- Church: Eritrean Catholic Church
- Province: Asmara
- Diocese: Barentu
- Appointed: 4 October 2001
- Predecessor: Luca Milesi

Orders
- Ordination: 10 July 1977
- Consecration: 13 January 2002 by Zekarias Yohannes, Luca Milesi, Tesfamariam Bedho

Personal details
- Born: 25 May 1950 (age 76) Lemuna, Eritrean British Military Administration (now Eritrea)

= Thomas Osman =

Eritrean Catholic hierarch (born 1950)

Thomas Osman OFM Cap. (born 25 May 1950) is an Eritrean Catholic hierarch and a member of the Order of Friars Minor Capuchin.

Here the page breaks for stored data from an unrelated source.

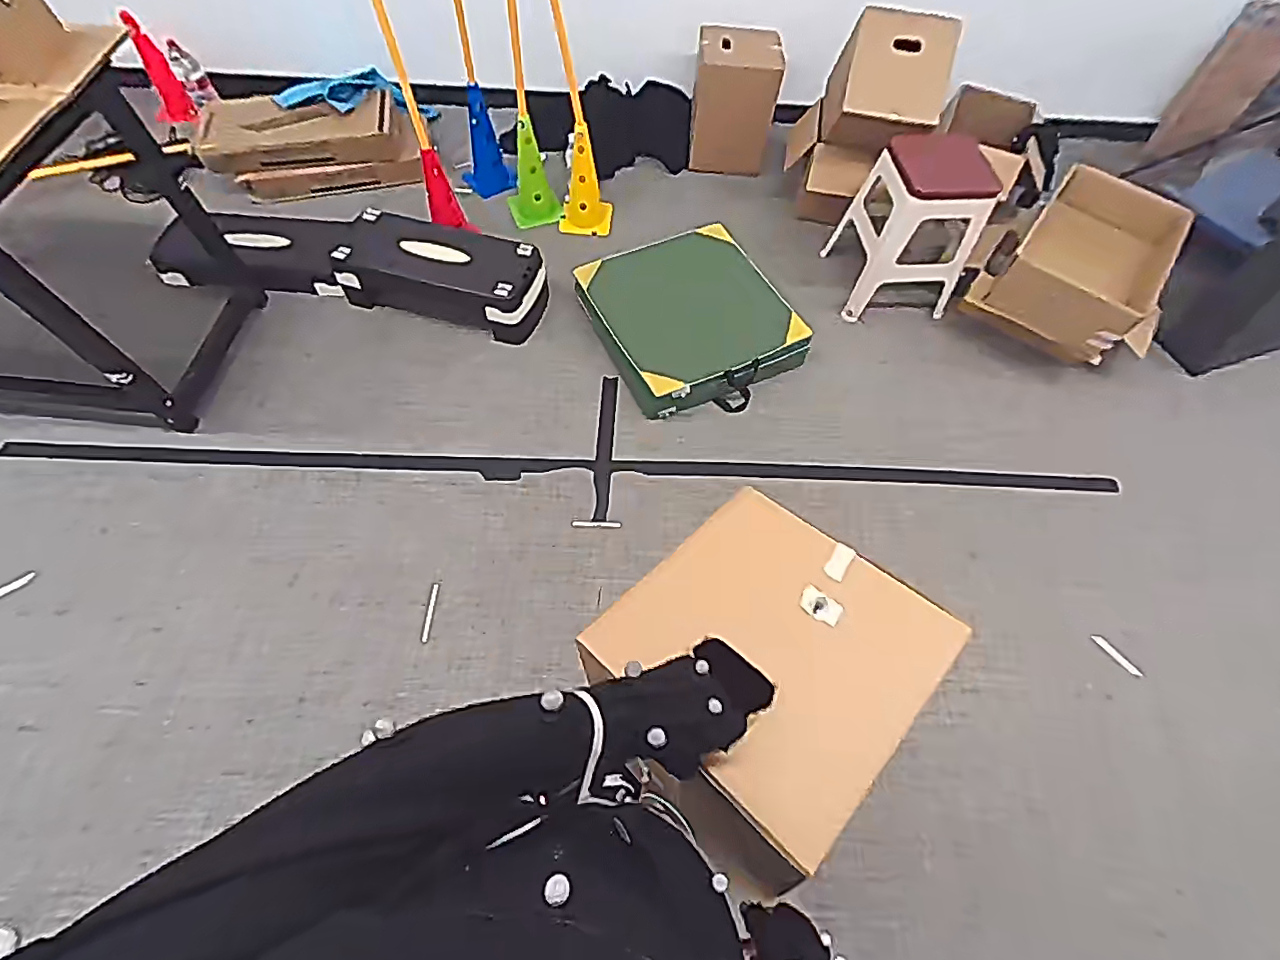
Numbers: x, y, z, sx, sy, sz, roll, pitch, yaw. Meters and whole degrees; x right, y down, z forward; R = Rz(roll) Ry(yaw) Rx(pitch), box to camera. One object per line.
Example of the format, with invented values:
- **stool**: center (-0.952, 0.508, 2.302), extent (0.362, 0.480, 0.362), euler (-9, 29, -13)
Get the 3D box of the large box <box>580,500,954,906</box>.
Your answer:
- **large box**: center (0.158, 0.308, 0.751), extent (0.320, 0.408, 0.320), euler (-38, 56, -25)
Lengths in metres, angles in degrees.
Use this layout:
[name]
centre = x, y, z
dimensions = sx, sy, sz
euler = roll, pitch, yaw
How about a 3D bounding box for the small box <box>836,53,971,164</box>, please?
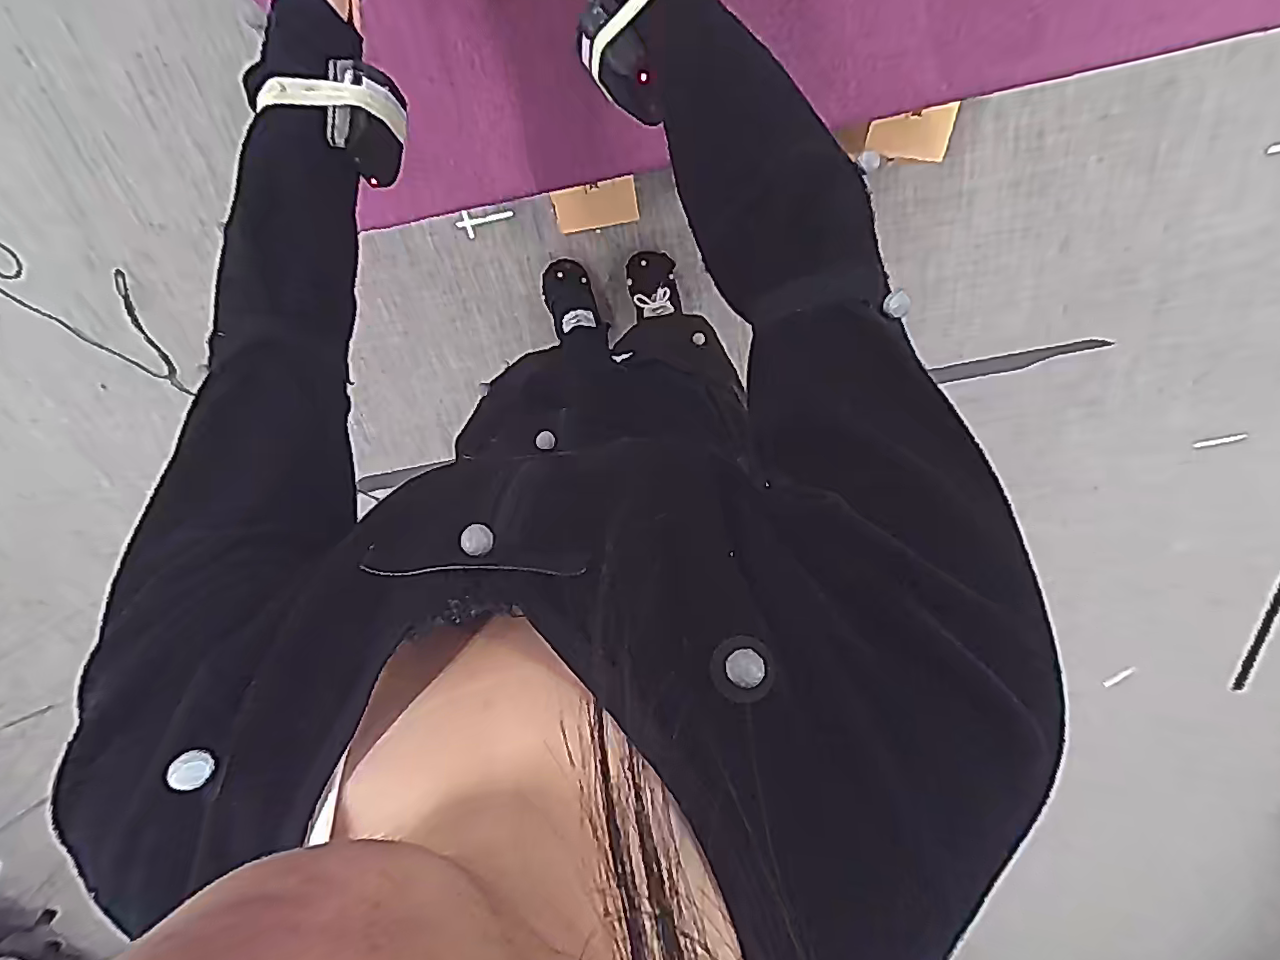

Since 2001, he has served as the Eparchial Bishop of the Eparchy of Barentu. Until 2015 he belonged to the Ethiopian Catholic Church. (Note: Until 2015 not existed separated Eritrean Catholic Church sui iuris, and Eparchies in Eritrea belonged to the Ethiopian Catholic Church sui iuris.)

== Early life and ministry ==
Thomas Osman was born in Lemuna, now in Gash-Barka region, Eritrea. After completing his primary and secondary education in his home country, he entered the Capuchin Order. He pursued his philosophical and theological studies at the St. Francis Capuchin Institute in Addis Ababa, Ethiopia. He made his perpetual profession in the Order of Friars Minor Capuchin on 19 July 1976 and was ordained to the priesthood on 10 July 1977.

Following his ordination, Osman held several pastoral and administrative positions. He served as the parish priest of the Sacred Heart parish in Asmara and later as the superior of the Capuchin friary in Keren. He also served as a member of the Provincial Council of the Capuchins in Eritrea and was later appointed as the Provincial Vicar. Before his episcopal appointment, he served as the Protosyncellus of the Eparchy of Barentu since 1996 until 2001.

== Episcopal ministry ==
On 4 October 2001, Pope John Paul II appointed Osman as the Eparch of Barentu, succeeding Luca Milesi. He received his episcopal consecration on 13 January 2002 from Zekarias Yohannes, Bishop emeritus of Asmara, assisted by Luca Milesi and Tesfamariam Bedho.

On 19 January 2015, Pope Francis established the Eritrean Catholic Church as a new Metropolitan church sui iuris, separating it from the Ethiopian Catholic Church. Consequently, Osman and the Eparchy of Barentu were transferred from the jurisdiction of the Ethiopian Metropolitanate to the newly formed Eritrean jurisdiction under the Archeparchy of Asmara.

As a hierarch of the Eritrean Catholic Church, Osman has been vocal about the socio-political challenges facing the country. In 2010, during the Special Assembly for the Middle East of the Synod of Bishops, he highlighted the difficulties faced by the Catholic minority in Eritrea and the importance of interreligious dialogue.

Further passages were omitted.